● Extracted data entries
--- START ---
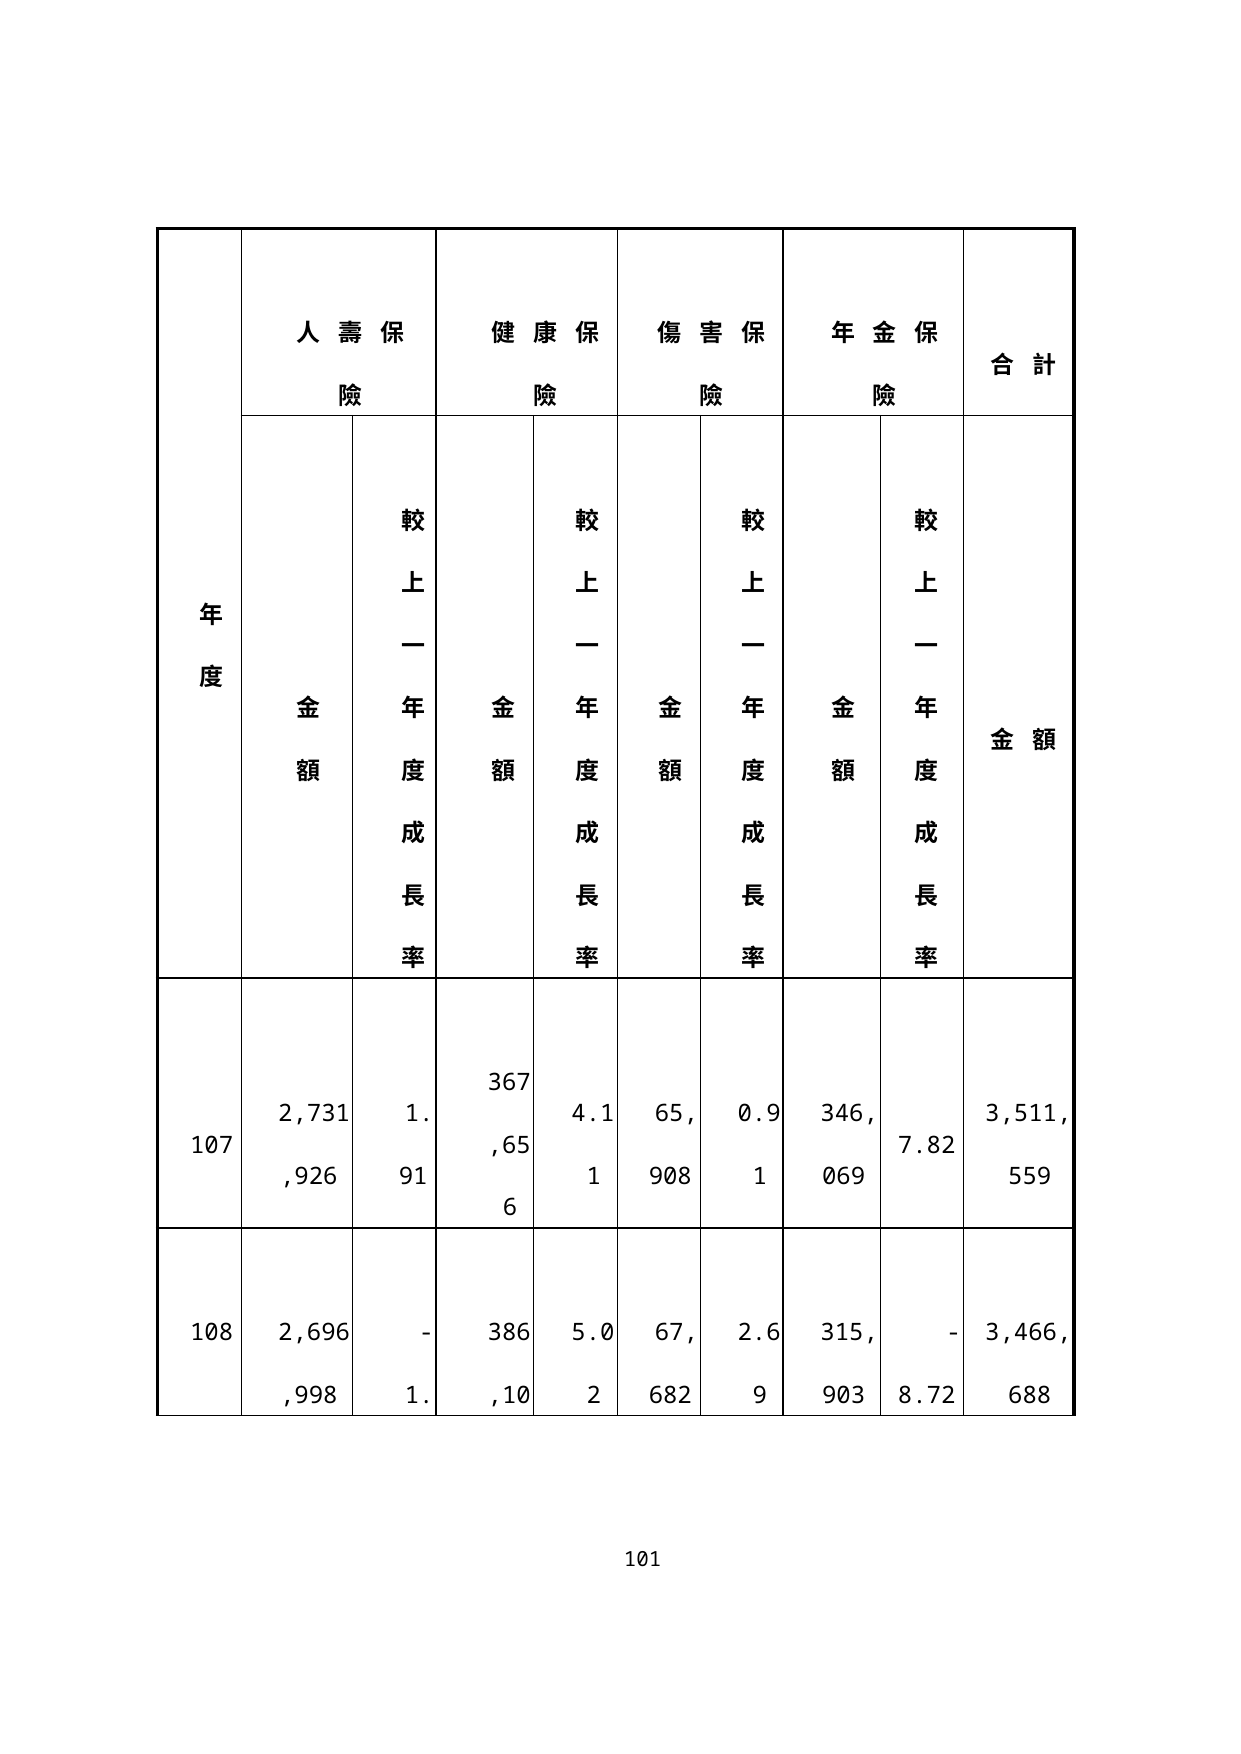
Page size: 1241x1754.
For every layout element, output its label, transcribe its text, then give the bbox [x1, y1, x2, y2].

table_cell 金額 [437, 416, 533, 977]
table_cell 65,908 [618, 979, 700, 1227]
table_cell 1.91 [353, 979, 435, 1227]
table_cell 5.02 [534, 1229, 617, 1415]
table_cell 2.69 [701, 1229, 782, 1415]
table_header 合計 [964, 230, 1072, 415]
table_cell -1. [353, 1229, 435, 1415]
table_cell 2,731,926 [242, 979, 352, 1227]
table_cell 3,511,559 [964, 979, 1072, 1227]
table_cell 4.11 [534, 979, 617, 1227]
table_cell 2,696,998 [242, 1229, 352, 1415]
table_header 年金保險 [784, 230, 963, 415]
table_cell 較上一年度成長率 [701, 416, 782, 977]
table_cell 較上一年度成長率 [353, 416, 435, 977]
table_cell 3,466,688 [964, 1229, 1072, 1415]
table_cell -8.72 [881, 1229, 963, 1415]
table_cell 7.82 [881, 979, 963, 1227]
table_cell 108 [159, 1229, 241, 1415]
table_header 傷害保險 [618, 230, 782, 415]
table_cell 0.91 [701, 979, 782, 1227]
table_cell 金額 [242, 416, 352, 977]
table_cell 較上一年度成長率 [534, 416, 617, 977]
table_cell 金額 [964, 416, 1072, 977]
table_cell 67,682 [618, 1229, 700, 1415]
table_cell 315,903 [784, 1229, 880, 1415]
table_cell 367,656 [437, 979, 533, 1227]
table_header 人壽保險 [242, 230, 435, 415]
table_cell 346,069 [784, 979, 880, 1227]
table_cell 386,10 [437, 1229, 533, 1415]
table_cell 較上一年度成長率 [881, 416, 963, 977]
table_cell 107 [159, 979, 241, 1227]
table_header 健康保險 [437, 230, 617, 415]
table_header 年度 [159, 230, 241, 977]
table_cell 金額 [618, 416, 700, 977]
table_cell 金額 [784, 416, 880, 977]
--- END ---
● WHAT IS BEING ASKED
Your task is to list each line of the records with the word "較上一年度成長率".

● RESULT OF THIS EXERCISE
table_cell 較上一年度成長率 [701, 416, 782, 977]
table_cell 較上一年度成長率 [353, 416, 435, 977]
table_cell 較上一年度成長率 [534, 416, 617, 977]
table_cell 較上一年度成長率 [881, 416, 963, 977]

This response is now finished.